Be aware that JS has no block scope!The "i" you are declaring is always the same "i", be sure you want that.
Code: Select all
var i = "test"; // assign "test" to "i"
var i; // "i" still contains "test"...You could have one for loop and have both declarations for macro and knob values in it.
As for the value scaling: I think the problem is, if your faders are close to top or bottom there actually is hardly anything to interpolate and you get jumps again.
That's where the concept falls flat on it's face (and why the guy in the video puts his slider conveniently in the middle
But it's still much better than not having it.
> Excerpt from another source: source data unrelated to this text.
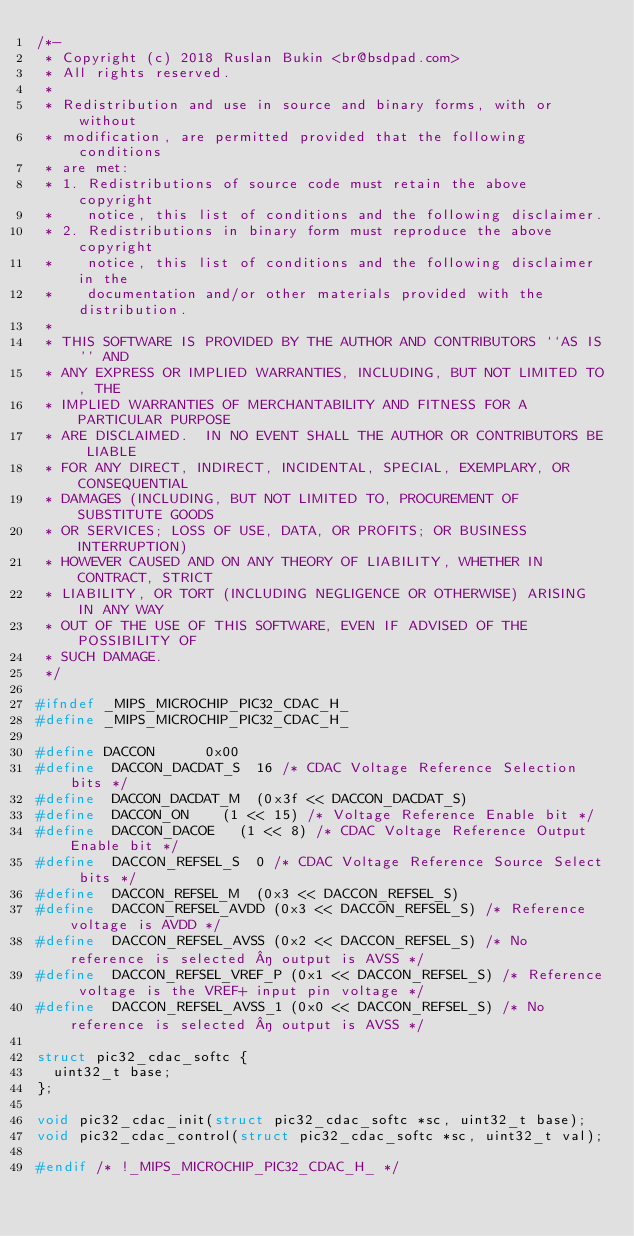<code> <loc_0><loc_0><loc_500><loc_500><_C_>/*-
 * Copyright (c) 2018 Ruslan Bukin <br@bsdpad.com>
 * All rights reserved.
 *
 * Redistribution and use in source and binary forms, with or without
 * modification, are permitted provided that the following conditions
 * are met:
 * 1. Redistributions of source code must retain the above copyright
 *    notice, this list of conditions and the following disclaimer.
 * 2. Redistributions in binary form must reproduce the above copyright
 *    notice, this list of conditions and the following disclaimer in the
 *    documentation and/or other materials provided with the distribution.
 *
 * THIS SOFTWARE IS PROVIDED BY THE AUTHOR AND CONTRIBUTORS ``AS IS'' AND
 * ANY EXPRESS OR IMPLIED WARRANTIES, INCLUDING, BUT NOT LIMITED TO, THE
 * IMPLIED WARRANTIES OF MERCHANTABILITY AND FITNESS FOR A PARTICULAR PURPOSE
 * ARE DISCLAIMED.  IN NO EVENT SHALL THE AUTHOR OR CONTRIBUTORS BE LIABLE
 * FOR ANY DIRECT, INDIRECT, INCIDENTAL, SPECIAL, EXEMPLARY, OR CONSEQUENTIAL
 * DAMAGES (INCLUDING, BUT NOT LIMITED TO, PROCUREMENT OF SUBSTITUTE GOODS
 * OR SERVICES; LOSS OF USE, DATA, OR PROFITS; OR BUSINESS INTERRUPTION)
 * HOWEVER CAUSED AND ON ANY THEORY OF LIABILITY, WHETHER IN CONTRACT, STRICT
 * LIABILITY, OR TORT (INCLUDING NEGLIGENCE OR OTHERWISE) ARISING IN ANY WAY
 * OUT OF THE USE OF THIS SOFTWARE, EVEN IF ADVISED OF THE POSSIBILITY OF
 * SUCH DAMAGE.
 */

#ifndef _MIPS_MICROCHIP_PIC32_CDAC_H_
#define	_MIPS_MICROCHIP_PIC32_CDAC_H_

#define	DACCON			0x00
#define	 DACCON_DACDAT_S	16 /* CDAC Voltage Reference Selection bits */
#define	 DACCON_DACDAT_M	(0x3f << DACCON_DACDAT_S)
#define	 DACCON_ON		(1 << 15) /* Voltage Reference Enable bit */
#define	 DACCON_DACOE		(1 << 8) /* CDAC Voltage Reference Output Enable bit */
#define	 DACCON_REFSEL_S	0 /* CDAC Voltage Reference Source Select bits */
#define	 DACCON_REFSEL_M	(0x3 << DACCON_REFSEL_S)
#define	 DACCON_REFSEL_AVDD	(0x3 << DACCON_REFSEL_S) /* Reference voltage is AVDD */
#define	 DACCON_REFSEL_AVSS	(0x2 << DACCON_REFSEL_S) /* No reference is selected ­ output is AVSS */
#define	 DACCON_REFSEL_VREF_P	(0x1 << DACCON_REFSEL_S) /* Reference voltage is the VREF+ input pin voltage */
#define	 DACCON_REFSEL_AVSS_1	(0x0 << DACCON_REFSEL_S) /* No reference is selected ­ output is AVSS */

struct pic32_cdac_softc {
	uint32_t base;
};

void pic32_cdac_init(struct pic32_cdac_softc *sc, uint32_t base);
void pic32_cdac_control(struct pic32_cdac_softc *sc, uint32_t val);

#endif /* !_MIPS_MICROCHIP_PIC32_CDAC_H_ */
</code>

Alternatively you could build a kind of limited/damped acceleration into it, where a value can never change faster than a certain amount per call until the actual fader value is reached, after which it would "connect" and go with whatever speed you move...
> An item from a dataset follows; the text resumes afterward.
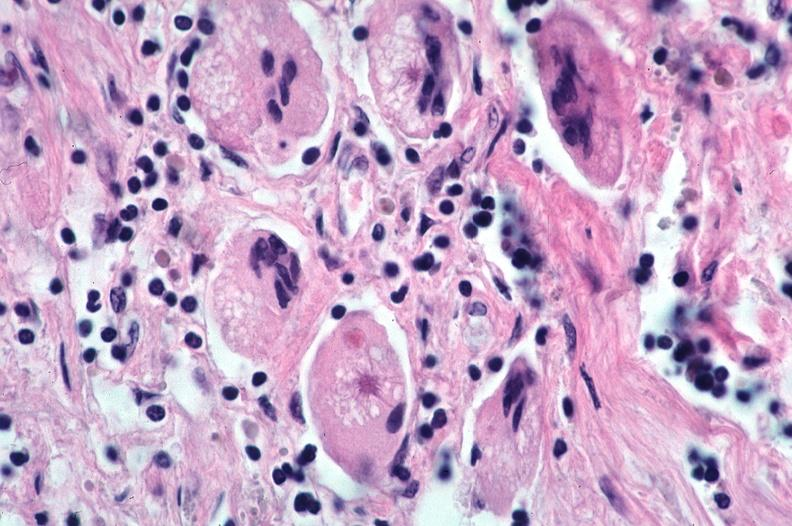where is this?
Answer the question using a single word or phrase. Lung

I'll have to try that idea out actually, could be a very nice way of bridging the gap for non-motorized faders etc.
As for the "automagical" part, yeah, that's what the observers do
But in a non-hard-linked way which prevents dropouts in the main engine since it has fully control over when it updates the values. Observers fill in the values once on init and then only if something changes. Same with the "set", it decides when to update the internal value, but other than a "get", it can do so on it's own convenience where a "get" would need to be served right away, which could lead to problems if for some reason used excessively.